While getting Kazuo and his daughter back in a party, I am attacked by a ghost dog. Its time for the JRPG-style battle system. Its your standard fare. There's a lot worse out there. A proper worst game of all time list is covered with the dredges of JRPGs. I am worried that the combat could become awful, since everyone in the first fight was dealing really low damage and its a distinct flaw of JRPGs to have long, tedious combats where you do absolutely nothing of value as a player. Not so much in the professional sphere, but very common in the amateur sphere. Come to think of it, my willingness to wade through scores of garbage action games may just be an overreaction on my part to the scores of generic JRPGs I've been forced to play over the years.
Wow!

Oh, yeah, the encounter rate could be too high. Really, any number of bad games that Kurisu over at Kurisu's Chronogaming has covered over the years could qualify here. It sounds like I'm whining, but just the act of getting across one screen takes me to three battles. I feel like annoyance is the last thing a survival horror game should involve. I'm getting annoyed. And if you get poisoned or something you have to use Asuka's remedy. I worry it'll run out at some point. That'll be great since half the enemies poison you. It didn't, but you wouldn't know that just starting, would you?
I'm still technically like 5 minutes from the start, but realistically later, since I need to get all these pieces of wood the game drops. Maybe I don't, but you never know, it could be important later.

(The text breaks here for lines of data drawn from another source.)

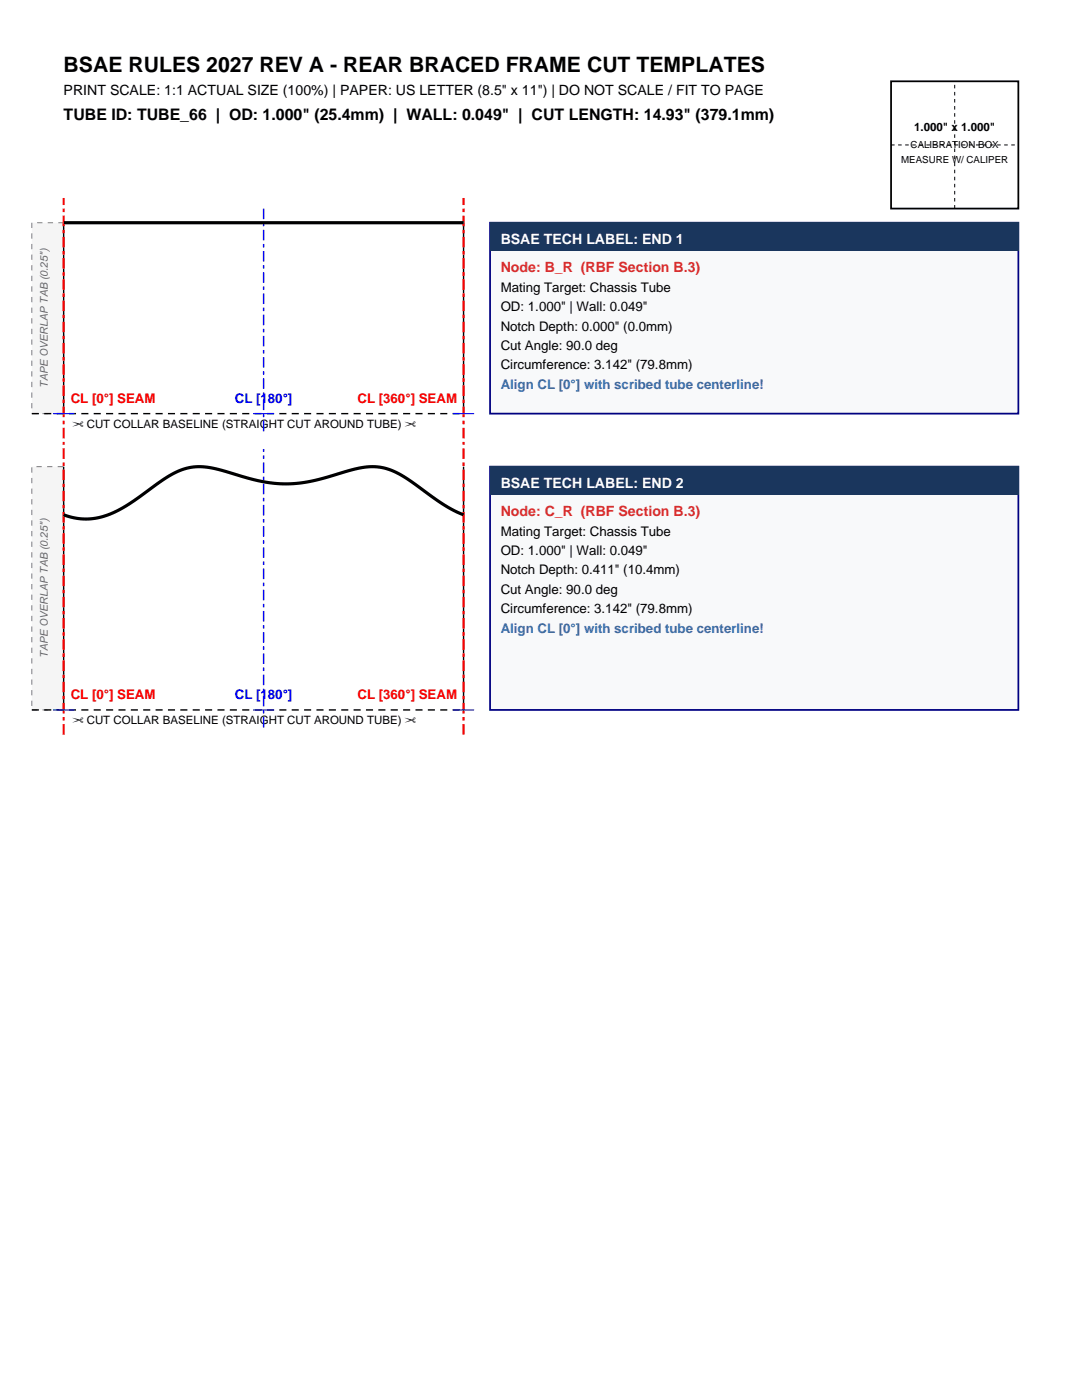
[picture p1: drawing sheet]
<svg xmlns="http://www.w3.org/2000/svg" width="216mm" height="279mm" viewBox="0 0 216 279" stroke-linecap="round" stroke-linejoin="round" font-family="sans-serif">
<defs><g id="words">
<text font-size="4.2" x="12.7" y="14.5">BSAE RULES 2027 REV A - REAR BRACED FRAME CUT TEMPLATES</text>
<text font-size="3.2" x="12.7" y="24">TUBE ID: TUBE_66 | OD: 1.000&quot; (25.4mm) | WALL: 0.049&quot; | CUT LENGTH: 14.93&quot; (379.1mm)</text>
<text font-size="2.8" x="12.7" y="19.1">PRINT SCALE: 1:1 ACTUAL SIZE (100%) | PAPER: US LETTER (8.5&quot; x 11&quot;) | DO NOT SCALE / FIT TO PAGE</text>
<g font-size="2.8" fill="#fff">
<text x="99.9" y="48.7">BSAE TECH LABEL: END 1</text>
<text x="99.9" y="97.4">BSAE TECH LABEL: END 2</text>
</g>
<g font-size="2.8" fill="#c53030">
<text x="99.9" y="54.3">Node: B_R (RBF Section B.3)</text>
<text x="99.9" y="103">Node: C_R (RBF Section B.3)</text>
</g>
<g font-size="2.6">
<text x="99.9" y="58.2">Mating Target: Chassis Tube</text>
<text x="99.9" y="62.1">OD: 1.000&quot; | Wall: 0.049&quot;</text>
<text x="99.9" y="66">Notch Depth: 0.000&quot; (0.0mm)</text>
<text x="99.9" y="69.8">Cut Angle: 90.0 deg</text>
<text x="99.9" y="73.7">Circumference: 3.142&quot; (79.8mm)</text>
<text x="99.9" y="106.9">Mating Target: Chassis Tube</text>
<text x="99.9" y="110.8">OD: 1.000&quot; | Wall: 0.049&quot;</text>
<text x="99.9" y="114.7">Notch Depth: 0.411&quot; (10.4mm)</text>
<text x="99.9" y="118.5">Cut Angle: 90.0 deg</text>
<text x="99.9" y="122.4">Circumference: 3.142&quot; (79.8mm)</text>
</g>
<g font-size="2.6" fill="#2b6cb0">
<text x="99.9" y="77.6">Align CL [0°] with scribed tube centerline!</text>
<text x="99.9" y="126.3">Align CL [0°] with scribed tube centerline!</text>
</g>
<g font-size="2.6" fill="#f00">
<text x="14.1" y="80.4">CL [0°] SEAM</text>
<text x="71.3" y="80.4">CL [360°] SEAM</text>
<text x="14.1" y="139.6">CL [0°] SEAM</text>
<text x="71.3" y="139.6">CL [360°] SEAM</text>
</g>
<g font-size="2.6" fill="#00f">
<text x="46.9" y="80.4">CL [180°]</text>
<text x="46.9" y="139.6">CL [180°]</text>
</g>
<g font-size="2.3">
<text x="182.4" y="26.1">1.000&quot; x 1.000&quot;</text>
<text x="14.5" y="85.4">✂ CUT COLLAR BASELINE (STRAIGHT CUT AROUND TUBE) ✂</text>
<text x="14.5" y="144.5">✂ CUT COLLAR BASELINE (STRAIGHT CUT AROUND TUBE) ✂</text>
</g>
<g font-size="2.1" fill="#696969">
<text x="9.5" y="77.3" transform="rotate(-90 9.5 77.3)">TAPE OVERLAP TAB (0.25&quot;)</text>
<text x="9.5" y="131.3" transform="rotate(-90 9.5 131.3)">TAPE OVERLAP TAB (0.25&quot;)</text>
</g>
<g font-size="1.9">
<text x="181.7" y="29.6">CALIBRATION BOX</text>
<text x="179.8" y="32.5">MEASURE W/ CALIPER</text>
</g>
</g></defs>
<path d="M177.8 16.2h25.4v25.4h-25.4z" fill="none" stroke="#000" stroke-width=".35"/>
<path d="M177.8 28.9h25.4M190.5 41.6v-25.4" fill="none" stroke="#000" stroke-width=".2" stroke-dasharray=".7 .7" stroke-linecap="butt"/>
<path d="M6.3 44.4h6.4v38.1h-6.4z" fill-rule="evenodd" fill="#f5f5f5" stroke="#808080" stroke-width=".2" stroke-dasharray="1.1 1.1" stroke-linecap="butt"/>
<path d="M6.3 82.5h86.2" fill="none" stroke="#000" stroke-width=".28" stroke-dasharray="1.4 1.1" stroke-linecap="butt"/>
<path d="M12.7 44.4v38.1M92.5 44.4v38.1" fill="none" stroke="#000" stroke-width=".28"/>
<path d="M12.7 87.5v-48M92.5 87.5v-48" fill="none" stroke="#f00" stroke-width=".42" stroke-dasharray="2.1 .7 .7 .7" stroke-linecap="butt"/>
<path d="M52.6 86.1v-45.2" fill="none" stroke="#00f" stroke-width=".28" stroke-dasharray="2.1 .7 .7 .7" stroke-linecap="butt"/>
<path d="M10.6 82.5h4.2M50.5 82.5h4.2M90.4 82.5h4.2" fill="none" stroke="#00f" stroke-width=".21"/>
<path d="M12.7 44.4h79.8" fill="none" stroke="#000" stroke-width=".63" stroke-linecap="butt"/>
<path d="M97.8 44.4h105.4v38.1h-105.4z" fill-rule="evenodd" fill="#f8f9fa" stroke="#000080" stroke-width=".35"/>
<path d="M97.8 44.4h105.4v5.7h-105.4z" fill-rule="evenodd" fill="#1a365d"/>
<path d="M6.3 93.1h6.4v48.6h-6.4z" fill-rule="evenodd" fill="#f5f5f5" stroke="#808080" stroke-width=".2" stroke-dasharray="1.1 1.1" stroke-linecap="butt"/>
<path d="M6.3 141.7h86.2" fill="none" stroke="#000" stroke-width=".28" stroke-dasharray="1.4 1.1" stroke-linecap="butt"/>
<path d="M12.7 93.1v48.6M92.5 93.1v48.6" fill="none" stroke="#000" stroke-width=".28"/>
<path d="M12.7 146.6v-58.4M92.5 146.6v-58.4" fill="none" stroke="#f00" stroke-width=".42" stroke-dasharray="2.1 .7 .7 .7" stroke-linecap="butt"/>
<path d="M52.6 145.2v-55.6" fill="none" stroke="#00f" stroke-width=".28" stroke-dasharray="2.1 .7 .7 .7" stroke-linecap="butt"/>
<path d="M10.6 141.7h4.2M50.5 141.7h4.2M90.4 141.7h4.2" fill="none" stroke="#00f" stroke-width=".21"/>
<path d="M12.7 102.7l2.2 .7 2.2 .2 2.3-.2 2.2-.7 2-.9 2-1.1 6.4-4.6 2.3-1.4a11.9 11.9 0 0 1 10.2-.8l7.5 2.1 2.9 .5 2.7 .1 2.4-.2 2.5-.5 7.8-2.2 2.6-.5a12.2 12.2 0 0 1 9.1 2.9l6.5 4.6 2 1.1 2 .9" fill="none" stroke="#000" stroke-width=".63" stroke-linecap="butt"/>
<path d="M97.8 93.1h105.4v48.6h-105.4z" fill-rule="evenodd" fill="#f8f9fa" stroke="#000080" stroke-width=".35"/>
<path d="M97.8 93.1h105.4v5.7h-105.4z" fill-rule="evenodd" fill="#1a365d"/>
<use href="#words"/>
</svg>

Then there's a dark area, and there's no visible way of lighting things. At least the game doesn't allow me to fall into a chasm. I wasn't planning on describing the game in so much detail, more like the Nightmare of Decay one where I describe each area generally, but this game doesn't let up with its awful beginning. I figure out that a candle I picked up lights up the room, and that I can't actually reach that thing on the left. Right, guess I better try the board somewhere else. You know what this reminds me of? Not a horror game, but one of the levels in Bugs Bunny: Lost in Time, where you had to walk around a decaying hotel across boards. Except you didn't have to take the board after using it and then use it elsewhere to advance.
They get a lot of mileage out of showing enemy sprites as NPCs

A minor feature I dislike is that the game only allows one save, and if you've made a save, well, bucko, you're going to continue that save. I seem to remember starting this game a while before I was blogging about this stuff and it skipped a whole lot of the intro, undoubtedly because of this feature, which actually really screws with the plot of the game.

Its after opening up a new area that I discover the last of the old party that was here. He got severed clean in half. He tells me that our tools are weapons, and that bugs...to fire and bats...to light. Hints about what damages what. That aside, its at this point that the game starts opening up. Things start happening and it starts getting spooky.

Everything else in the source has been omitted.